THE RECORD SHOWS THAT AMERICAN'S CONTENTION REGARDING THE FAILURE TO UTILIZE THE 60-DAY LIMIT IN TARIFF 12 FOR STORAGE IN TRANSIT (TENDER 1 X PROVIDES UP TO 180 DAYS STORAGE IN TRANSIT) IS NOT RELEVANT IN THIS CASE. THE SHIPMENTS ON GBL NOS. K-1024793 AND K-1024800 WERE DELIVERED DIRECTLY TO RESIDENCES. THE SHIPMENTS ON GBL NOS. K-1024537, K 1024624 AND K- 1024815 WERE STORED IN TRANSIT AT THEIR RESPECTIVE DESTINATIONS, BUT ALL WITHIN THE 60 DAYS PERMITTED UNDER RULE 17C OF TARIFF 12. THEREFORE, NO QUESTION AS TO STORAGE TIME UNDER THE APPLICABLE TARIFF ARISES.

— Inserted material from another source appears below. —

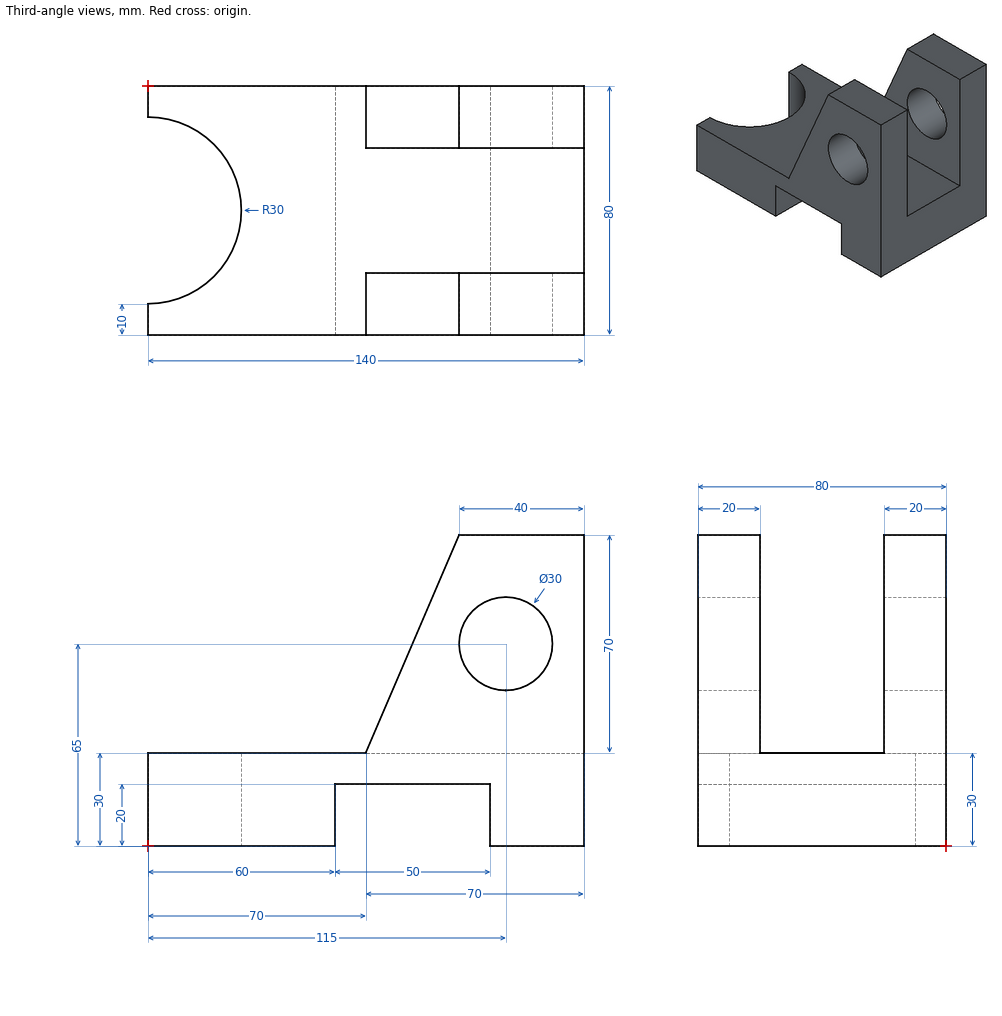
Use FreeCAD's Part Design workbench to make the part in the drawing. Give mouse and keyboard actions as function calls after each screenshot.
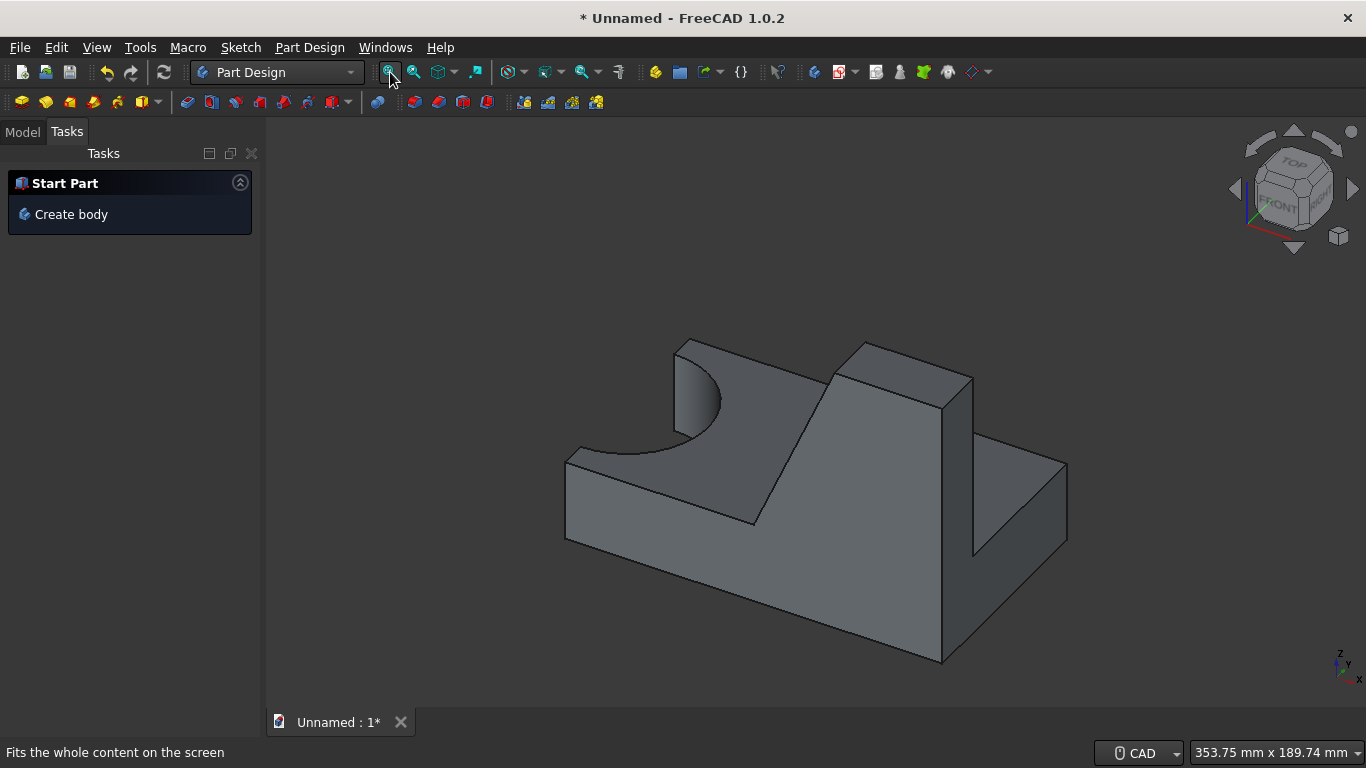
key(4)

AMERICAN ALSO IS SUGGESTING THAT THE DIFFERENT LENGTHS OF TIME PERMITTED FOR STORAGE IN TRANSIT UNDER TARIFF 12 AS OPPOSED TO TO TENDER 1-X INDICATE THAT EACH OFFERS A DIFFERENT SERVICE AND THAT THEREFORE THE ALTERNATION PERMITTED BY ITEM 23 OF TENDER 1-X WOULD NOT APPLY. CONSIDERED AND REJECTED THIS ARGUMENT IN B-192411, THE HILLDRUP DECISION, BASED ON OUR CONCLUSION THAT THE STORAGE IN TRANSIT TIME RELATED TO CARRIER LIABILITY FOR LOSS AND DAMAGE, NOT TO FREIGHT CHARGES. WE THERE STATED THAT THE FACT THAT THE CARRIER'S "POTENTIAL LIABILITY FOR LOSS AND DAMAGE MAY BE MADE MORE EXTENSIVE UNDER THE TENDER THAN UNDER THE TARIFF IS IRRELEVANT BECAUSE A COMMON CARRIER'S LIABILITY FOR LOSS AND DAMAGE IS DISTINCT FROM THE SHIPPER'S LIABILITY FOR FREIGHT CHARGES ... AND IS NOT AN ADDITIONAL BENEFIT OR PRIVILEGE RELATING TO FREIGHT CHARGES."

BASED ON THE FOREGOING, GSA'S DEDUCTION ACTION WAS CORRECT AND IS SUSTAINED.